WHAT IS REQUIRED → Write out, unaltered, each line from the top of the records below down to the line where "Your answer should be compact. 6309.9." appears, that line included.
┄┄┄┄┄┄
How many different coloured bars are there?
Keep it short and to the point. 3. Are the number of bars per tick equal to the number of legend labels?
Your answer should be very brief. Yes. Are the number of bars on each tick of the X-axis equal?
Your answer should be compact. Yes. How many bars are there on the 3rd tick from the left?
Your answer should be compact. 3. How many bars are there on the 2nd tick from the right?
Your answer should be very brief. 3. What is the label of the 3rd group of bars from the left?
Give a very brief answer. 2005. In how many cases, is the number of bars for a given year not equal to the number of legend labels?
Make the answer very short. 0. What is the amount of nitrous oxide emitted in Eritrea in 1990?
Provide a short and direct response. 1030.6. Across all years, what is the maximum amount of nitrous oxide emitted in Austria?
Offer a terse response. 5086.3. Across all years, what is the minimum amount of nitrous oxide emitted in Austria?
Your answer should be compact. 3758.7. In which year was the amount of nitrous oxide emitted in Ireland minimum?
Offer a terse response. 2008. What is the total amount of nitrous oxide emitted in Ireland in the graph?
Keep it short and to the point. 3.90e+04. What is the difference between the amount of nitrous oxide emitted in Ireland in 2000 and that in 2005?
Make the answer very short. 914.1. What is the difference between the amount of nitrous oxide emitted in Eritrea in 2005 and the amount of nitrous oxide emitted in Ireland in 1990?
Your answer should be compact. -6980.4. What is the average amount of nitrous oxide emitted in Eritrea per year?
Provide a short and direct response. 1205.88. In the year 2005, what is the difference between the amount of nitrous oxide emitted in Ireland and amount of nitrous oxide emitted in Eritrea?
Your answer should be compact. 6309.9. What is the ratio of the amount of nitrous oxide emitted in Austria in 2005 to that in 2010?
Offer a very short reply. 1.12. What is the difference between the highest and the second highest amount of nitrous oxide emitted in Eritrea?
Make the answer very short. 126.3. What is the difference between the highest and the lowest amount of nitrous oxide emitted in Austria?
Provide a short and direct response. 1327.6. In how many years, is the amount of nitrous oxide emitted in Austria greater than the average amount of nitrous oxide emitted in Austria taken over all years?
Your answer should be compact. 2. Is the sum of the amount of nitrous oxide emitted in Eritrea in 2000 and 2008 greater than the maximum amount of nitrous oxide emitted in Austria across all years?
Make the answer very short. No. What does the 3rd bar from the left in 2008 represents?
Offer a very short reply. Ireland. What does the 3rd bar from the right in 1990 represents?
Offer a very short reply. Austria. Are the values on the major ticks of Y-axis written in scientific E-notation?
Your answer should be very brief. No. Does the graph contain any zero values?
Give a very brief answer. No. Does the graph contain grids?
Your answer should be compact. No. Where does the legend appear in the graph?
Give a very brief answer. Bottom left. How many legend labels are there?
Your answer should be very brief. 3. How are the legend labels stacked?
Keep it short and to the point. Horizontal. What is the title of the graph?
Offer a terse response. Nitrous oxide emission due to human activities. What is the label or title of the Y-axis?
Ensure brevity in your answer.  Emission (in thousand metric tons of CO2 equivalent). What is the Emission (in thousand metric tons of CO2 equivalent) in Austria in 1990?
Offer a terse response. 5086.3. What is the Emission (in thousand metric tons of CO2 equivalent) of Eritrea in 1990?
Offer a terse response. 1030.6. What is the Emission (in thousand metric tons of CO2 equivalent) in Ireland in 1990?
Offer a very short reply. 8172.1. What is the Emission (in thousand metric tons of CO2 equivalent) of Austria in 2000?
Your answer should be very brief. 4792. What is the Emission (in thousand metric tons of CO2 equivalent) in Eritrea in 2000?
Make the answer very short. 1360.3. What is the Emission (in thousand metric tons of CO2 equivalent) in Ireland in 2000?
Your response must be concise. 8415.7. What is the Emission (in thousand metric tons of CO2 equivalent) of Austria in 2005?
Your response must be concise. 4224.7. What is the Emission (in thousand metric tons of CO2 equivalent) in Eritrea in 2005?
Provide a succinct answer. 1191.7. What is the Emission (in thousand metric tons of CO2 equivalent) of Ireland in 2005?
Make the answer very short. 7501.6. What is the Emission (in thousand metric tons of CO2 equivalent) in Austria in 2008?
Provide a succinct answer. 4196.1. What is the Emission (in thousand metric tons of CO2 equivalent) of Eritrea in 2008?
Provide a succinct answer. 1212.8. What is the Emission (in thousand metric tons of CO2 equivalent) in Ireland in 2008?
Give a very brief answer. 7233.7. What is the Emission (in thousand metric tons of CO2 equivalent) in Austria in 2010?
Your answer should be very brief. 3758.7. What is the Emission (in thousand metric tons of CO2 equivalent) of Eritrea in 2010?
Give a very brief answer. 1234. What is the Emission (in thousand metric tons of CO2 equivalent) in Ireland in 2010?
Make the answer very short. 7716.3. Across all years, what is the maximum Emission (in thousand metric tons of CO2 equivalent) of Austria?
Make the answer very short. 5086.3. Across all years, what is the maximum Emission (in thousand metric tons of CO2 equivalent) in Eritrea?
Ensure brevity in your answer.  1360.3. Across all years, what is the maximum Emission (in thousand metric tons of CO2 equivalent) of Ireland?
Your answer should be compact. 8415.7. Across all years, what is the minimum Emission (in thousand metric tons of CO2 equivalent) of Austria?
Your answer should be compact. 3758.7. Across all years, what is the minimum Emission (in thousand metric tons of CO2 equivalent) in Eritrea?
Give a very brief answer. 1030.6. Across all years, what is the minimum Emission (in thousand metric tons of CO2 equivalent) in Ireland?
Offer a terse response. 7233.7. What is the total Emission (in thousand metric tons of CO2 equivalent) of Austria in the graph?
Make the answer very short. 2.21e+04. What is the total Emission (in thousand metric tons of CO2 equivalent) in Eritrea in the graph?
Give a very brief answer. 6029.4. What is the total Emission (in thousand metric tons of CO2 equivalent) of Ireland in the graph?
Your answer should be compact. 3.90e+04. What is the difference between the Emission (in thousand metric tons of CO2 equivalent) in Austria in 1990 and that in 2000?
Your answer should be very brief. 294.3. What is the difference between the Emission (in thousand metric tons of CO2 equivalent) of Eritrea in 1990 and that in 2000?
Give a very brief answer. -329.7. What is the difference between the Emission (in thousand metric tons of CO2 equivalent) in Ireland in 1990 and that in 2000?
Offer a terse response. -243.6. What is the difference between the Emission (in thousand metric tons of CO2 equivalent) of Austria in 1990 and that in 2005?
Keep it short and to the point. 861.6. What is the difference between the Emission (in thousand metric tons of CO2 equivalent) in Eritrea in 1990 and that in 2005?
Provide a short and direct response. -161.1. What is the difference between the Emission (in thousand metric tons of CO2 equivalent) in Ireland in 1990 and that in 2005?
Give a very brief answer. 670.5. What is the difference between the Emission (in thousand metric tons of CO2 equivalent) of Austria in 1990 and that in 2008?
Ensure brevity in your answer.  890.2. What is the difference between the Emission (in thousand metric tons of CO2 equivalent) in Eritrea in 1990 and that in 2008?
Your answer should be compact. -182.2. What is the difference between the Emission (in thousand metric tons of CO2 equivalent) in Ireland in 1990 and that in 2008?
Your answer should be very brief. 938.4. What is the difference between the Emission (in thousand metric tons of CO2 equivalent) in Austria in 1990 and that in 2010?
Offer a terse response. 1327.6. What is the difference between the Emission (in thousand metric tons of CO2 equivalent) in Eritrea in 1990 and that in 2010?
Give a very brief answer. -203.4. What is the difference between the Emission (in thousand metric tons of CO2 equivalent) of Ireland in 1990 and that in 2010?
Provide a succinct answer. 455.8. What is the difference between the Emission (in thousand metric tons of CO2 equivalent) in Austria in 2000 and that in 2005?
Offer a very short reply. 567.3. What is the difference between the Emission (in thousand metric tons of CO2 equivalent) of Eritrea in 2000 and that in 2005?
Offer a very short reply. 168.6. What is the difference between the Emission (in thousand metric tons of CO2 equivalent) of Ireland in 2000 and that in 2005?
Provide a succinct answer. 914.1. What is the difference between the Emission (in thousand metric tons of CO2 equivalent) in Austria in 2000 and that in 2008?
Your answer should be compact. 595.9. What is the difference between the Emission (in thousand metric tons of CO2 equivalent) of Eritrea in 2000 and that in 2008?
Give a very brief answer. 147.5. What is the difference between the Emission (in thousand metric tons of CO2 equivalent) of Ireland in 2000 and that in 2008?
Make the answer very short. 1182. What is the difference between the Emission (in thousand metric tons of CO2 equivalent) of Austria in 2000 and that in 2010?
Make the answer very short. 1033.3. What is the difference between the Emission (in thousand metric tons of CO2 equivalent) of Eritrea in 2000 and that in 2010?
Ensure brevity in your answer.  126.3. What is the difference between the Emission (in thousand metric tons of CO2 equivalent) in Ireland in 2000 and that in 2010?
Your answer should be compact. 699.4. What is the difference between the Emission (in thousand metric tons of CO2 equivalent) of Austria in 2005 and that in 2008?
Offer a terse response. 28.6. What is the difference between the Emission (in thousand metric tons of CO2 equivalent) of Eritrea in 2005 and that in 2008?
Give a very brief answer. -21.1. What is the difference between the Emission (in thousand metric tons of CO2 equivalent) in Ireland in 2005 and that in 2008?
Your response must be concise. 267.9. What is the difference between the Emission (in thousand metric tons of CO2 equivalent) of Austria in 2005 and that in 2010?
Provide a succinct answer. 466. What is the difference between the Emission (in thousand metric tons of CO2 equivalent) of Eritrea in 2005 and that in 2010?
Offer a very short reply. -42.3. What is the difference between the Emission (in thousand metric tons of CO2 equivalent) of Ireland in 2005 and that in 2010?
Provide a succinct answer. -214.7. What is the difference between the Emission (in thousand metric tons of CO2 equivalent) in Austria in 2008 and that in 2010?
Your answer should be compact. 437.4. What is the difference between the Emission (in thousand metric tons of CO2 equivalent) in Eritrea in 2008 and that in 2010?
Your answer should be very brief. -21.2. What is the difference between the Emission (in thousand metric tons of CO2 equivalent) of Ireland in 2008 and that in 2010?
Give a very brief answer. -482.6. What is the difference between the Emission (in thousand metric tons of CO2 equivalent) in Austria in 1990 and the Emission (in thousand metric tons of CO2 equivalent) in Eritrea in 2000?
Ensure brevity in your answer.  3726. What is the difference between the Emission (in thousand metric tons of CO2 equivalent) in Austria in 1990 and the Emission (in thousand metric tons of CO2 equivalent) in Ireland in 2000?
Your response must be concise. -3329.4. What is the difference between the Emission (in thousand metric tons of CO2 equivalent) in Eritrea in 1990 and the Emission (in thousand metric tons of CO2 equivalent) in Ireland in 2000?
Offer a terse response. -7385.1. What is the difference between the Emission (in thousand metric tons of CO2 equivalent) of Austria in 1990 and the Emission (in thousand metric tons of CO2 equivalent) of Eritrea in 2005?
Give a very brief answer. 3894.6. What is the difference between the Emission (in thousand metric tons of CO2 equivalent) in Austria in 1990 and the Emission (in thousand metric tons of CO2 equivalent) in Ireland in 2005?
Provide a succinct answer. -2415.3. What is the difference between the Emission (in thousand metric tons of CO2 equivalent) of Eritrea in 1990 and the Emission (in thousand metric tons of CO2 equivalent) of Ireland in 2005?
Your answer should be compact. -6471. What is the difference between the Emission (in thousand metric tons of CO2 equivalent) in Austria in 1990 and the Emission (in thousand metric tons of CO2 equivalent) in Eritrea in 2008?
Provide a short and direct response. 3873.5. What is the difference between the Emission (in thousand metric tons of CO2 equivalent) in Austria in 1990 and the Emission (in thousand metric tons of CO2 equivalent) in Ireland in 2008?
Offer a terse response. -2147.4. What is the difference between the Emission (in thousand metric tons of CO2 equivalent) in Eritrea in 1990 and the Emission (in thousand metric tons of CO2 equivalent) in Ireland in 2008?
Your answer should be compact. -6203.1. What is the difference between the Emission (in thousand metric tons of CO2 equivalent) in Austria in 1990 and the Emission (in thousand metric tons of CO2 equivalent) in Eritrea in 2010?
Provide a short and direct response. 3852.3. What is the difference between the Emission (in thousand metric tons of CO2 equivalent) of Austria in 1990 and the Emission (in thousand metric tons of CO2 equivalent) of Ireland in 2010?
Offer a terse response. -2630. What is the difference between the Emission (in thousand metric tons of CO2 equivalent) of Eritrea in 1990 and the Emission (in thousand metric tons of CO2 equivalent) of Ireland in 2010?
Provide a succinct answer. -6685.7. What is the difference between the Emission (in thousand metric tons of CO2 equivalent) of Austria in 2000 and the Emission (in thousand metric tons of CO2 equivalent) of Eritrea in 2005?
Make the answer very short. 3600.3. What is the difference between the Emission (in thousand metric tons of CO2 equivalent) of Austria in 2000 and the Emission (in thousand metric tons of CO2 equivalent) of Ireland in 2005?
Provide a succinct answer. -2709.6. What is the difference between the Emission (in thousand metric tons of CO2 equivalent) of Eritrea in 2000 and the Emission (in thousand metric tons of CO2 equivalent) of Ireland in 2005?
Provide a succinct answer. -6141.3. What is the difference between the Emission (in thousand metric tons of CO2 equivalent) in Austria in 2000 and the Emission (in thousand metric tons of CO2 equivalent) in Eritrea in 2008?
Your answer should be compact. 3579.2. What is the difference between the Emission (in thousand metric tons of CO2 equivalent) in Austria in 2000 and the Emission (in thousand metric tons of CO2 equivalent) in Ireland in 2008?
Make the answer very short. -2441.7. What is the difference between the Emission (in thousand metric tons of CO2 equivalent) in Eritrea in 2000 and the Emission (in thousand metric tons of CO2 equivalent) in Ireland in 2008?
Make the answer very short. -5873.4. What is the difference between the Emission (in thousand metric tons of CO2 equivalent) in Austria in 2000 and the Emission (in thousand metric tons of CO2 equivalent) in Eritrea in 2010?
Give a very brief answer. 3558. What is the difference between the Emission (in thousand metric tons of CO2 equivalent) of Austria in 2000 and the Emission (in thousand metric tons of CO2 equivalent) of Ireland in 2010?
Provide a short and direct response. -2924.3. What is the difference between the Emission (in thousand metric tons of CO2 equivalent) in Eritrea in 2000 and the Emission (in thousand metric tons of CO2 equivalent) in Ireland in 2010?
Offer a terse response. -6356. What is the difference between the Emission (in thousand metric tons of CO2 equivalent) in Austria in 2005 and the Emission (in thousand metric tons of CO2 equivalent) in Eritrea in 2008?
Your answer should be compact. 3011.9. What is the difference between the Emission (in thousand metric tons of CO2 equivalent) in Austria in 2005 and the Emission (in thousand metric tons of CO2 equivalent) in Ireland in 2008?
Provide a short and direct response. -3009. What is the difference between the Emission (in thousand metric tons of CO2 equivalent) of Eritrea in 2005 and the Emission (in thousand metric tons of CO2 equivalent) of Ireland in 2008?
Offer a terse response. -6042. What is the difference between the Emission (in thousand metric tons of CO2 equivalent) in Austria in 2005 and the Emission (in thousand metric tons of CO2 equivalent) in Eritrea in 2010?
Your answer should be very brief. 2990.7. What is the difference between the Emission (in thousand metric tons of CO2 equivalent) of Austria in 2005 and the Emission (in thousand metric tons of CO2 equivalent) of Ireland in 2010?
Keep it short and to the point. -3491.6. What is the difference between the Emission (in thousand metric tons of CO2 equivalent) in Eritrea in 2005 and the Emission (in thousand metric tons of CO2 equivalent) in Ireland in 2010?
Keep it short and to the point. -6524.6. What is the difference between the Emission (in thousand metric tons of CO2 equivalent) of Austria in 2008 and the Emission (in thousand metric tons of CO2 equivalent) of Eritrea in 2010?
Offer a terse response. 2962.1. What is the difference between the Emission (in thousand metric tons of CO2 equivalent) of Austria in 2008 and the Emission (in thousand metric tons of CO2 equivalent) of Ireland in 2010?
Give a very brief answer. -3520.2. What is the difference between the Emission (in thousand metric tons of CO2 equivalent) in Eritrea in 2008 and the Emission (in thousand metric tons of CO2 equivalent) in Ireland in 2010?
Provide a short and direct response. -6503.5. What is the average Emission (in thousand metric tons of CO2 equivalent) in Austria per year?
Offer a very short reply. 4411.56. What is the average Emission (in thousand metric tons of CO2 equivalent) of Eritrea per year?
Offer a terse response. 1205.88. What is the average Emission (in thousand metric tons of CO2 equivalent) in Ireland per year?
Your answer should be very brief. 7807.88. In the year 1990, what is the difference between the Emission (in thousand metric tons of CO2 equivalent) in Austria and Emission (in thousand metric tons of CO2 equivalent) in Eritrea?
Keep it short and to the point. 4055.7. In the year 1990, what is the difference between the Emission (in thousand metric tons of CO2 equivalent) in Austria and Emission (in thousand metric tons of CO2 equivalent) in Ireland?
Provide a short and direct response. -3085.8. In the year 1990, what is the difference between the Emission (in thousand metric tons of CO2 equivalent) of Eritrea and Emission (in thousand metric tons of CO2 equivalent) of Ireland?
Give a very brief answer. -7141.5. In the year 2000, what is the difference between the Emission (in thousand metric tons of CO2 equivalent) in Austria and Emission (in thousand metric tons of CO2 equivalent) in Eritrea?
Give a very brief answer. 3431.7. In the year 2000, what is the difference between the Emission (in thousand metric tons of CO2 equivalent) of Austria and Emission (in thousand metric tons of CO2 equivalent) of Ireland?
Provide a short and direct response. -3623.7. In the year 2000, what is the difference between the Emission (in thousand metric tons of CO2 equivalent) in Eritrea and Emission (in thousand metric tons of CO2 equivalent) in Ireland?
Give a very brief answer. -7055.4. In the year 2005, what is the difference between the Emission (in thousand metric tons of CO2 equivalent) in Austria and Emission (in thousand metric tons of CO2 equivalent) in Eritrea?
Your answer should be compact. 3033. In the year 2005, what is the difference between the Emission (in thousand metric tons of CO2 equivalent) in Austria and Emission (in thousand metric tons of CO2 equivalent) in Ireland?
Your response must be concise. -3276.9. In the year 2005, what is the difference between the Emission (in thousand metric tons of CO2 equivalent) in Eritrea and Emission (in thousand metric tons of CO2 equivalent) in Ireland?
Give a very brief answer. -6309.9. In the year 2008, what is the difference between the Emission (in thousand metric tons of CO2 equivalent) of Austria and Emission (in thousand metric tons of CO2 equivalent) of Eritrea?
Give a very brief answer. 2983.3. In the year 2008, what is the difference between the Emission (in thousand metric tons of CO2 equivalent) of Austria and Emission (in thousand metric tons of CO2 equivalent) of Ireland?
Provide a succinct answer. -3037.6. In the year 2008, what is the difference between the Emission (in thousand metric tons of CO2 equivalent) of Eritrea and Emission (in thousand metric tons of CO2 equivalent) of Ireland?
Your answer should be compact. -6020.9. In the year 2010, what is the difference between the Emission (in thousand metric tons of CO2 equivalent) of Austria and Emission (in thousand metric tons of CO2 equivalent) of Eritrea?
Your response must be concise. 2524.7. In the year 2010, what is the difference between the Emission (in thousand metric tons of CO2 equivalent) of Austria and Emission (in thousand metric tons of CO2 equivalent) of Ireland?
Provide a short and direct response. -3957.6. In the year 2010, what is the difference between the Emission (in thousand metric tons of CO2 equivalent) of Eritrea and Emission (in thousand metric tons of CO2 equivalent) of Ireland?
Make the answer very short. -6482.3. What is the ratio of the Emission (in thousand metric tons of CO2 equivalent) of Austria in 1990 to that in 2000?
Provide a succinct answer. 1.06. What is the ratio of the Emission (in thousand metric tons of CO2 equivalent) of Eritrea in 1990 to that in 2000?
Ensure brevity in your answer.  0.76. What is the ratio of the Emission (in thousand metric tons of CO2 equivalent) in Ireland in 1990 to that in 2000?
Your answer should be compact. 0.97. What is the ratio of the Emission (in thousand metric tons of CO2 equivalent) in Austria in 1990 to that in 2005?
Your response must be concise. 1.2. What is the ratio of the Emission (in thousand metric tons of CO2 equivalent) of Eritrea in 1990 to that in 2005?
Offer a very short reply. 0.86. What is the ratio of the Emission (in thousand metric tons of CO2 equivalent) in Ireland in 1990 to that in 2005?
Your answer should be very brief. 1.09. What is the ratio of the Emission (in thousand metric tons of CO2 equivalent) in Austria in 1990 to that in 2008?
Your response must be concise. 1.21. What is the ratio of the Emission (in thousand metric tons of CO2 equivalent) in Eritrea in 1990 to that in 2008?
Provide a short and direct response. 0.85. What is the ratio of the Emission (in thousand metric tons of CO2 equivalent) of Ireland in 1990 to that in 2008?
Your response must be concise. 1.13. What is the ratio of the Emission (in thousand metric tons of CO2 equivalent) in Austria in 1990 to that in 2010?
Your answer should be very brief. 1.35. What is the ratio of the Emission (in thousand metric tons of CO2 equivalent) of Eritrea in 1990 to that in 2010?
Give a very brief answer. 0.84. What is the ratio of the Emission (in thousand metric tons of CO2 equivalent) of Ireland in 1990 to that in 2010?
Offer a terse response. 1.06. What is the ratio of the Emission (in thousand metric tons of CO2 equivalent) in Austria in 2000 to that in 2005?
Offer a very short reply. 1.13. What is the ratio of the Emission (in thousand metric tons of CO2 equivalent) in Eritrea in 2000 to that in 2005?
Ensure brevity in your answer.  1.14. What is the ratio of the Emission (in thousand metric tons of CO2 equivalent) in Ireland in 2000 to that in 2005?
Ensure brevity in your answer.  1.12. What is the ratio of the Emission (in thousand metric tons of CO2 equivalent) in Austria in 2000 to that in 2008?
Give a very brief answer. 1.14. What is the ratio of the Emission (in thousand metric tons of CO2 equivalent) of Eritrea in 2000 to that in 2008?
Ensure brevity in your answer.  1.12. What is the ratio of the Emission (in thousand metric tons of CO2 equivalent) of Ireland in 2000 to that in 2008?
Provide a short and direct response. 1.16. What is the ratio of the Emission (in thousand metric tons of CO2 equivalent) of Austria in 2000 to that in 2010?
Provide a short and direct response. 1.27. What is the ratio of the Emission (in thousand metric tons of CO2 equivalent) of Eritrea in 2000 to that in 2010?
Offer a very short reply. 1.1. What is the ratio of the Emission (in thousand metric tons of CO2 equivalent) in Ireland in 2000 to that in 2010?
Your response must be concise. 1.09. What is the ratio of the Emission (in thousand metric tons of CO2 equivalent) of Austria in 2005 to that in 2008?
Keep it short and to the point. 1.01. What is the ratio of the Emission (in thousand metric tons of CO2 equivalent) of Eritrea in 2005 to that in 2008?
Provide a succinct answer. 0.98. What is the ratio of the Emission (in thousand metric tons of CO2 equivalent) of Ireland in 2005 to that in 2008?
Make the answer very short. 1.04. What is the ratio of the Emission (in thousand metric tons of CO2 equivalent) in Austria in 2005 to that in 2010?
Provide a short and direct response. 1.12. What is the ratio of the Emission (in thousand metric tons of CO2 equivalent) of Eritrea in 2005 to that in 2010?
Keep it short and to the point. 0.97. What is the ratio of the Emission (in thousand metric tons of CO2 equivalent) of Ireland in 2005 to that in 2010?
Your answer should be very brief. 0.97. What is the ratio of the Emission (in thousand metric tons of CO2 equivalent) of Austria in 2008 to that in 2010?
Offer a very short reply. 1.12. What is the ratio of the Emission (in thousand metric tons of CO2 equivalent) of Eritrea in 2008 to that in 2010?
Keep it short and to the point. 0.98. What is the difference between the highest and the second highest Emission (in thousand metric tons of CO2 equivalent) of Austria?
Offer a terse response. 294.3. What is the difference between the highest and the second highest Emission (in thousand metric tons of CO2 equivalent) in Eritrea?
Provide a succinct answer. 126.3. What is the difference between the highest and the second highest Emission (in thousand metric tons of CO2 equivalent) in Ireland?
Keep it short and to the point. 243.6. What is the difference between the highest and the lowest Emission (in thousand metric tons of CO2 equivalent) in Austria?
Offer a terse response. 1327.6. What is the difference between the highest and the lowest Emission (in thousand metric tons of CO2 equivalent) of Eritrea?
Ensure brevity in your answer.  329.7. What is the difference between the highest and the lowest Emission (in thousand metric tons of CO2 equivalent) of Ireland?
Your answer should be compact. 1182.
┄┄┄┄┄┄
ANSWER FOR THIS EXERCISE →
How many different coloured bars are there?
Keep it short and to the point. 3. Are the number of bars per tick equal to the number of legend labels?
Your answer should be very brief. Yes. Are the number of bars on each tick of the X-axis equal?
Your answer should be compact. Yes. How many bars are there on the 3rd tick from the left?
Your answer should be compact. 3. How many bars are there on the 2nd tick from the right?
Your answer should be very brief. 3. What is the label of the 3rd group of bars from the left?
Give a very brief answer. 2005. In how many cases, is the number of bars for a given year not equal to the number of legend labels?
Make the answer very short. 0. What is the amount of nitrous oxide emitted in Eritrea in 1990?
Provide a short and direct response. 1030.6. Across all years, what is the maximum amount of nitrous oxide emitted in Austria?
Offer a terse response. 5086.3. Across all years, what is the minimum amount of nitrous oxide emitted in Austria?
Your answer should be compact. 3758.7. In which year was the amount of nitrous oxide emitted in Ireland minimum?
Offer a terse response. 2008. What is the total amount of nitrous oxide emitted in Ireland in the graph?
Keep it short and to the point. 3.90e+04. What is the difference between the amount of nitrous oxide emitted in Ireland in 2000 and that in 2005?
Make the answer very short. 914.1. What is the difference between the amount of nitrous oxide emitted in Eritrea in 2005 and the amount of nitrous oxide emitted in Ireland in 1990?
Your answer should be compact. -6980.4. What is the average amount of nitrous oxide emitted in Eritrea per year?
Provide a short and direct response. 1205.88. In the year 2005, what is the difference between the amount of nitrous oxide emitted in Ireland and amount of nitrous oxide emitted in Eritrea?
Your answer should be compact. 6309.9. What is the ratio of the amount of nitrous oxide emitted in Austria in 2005 to that in 2010?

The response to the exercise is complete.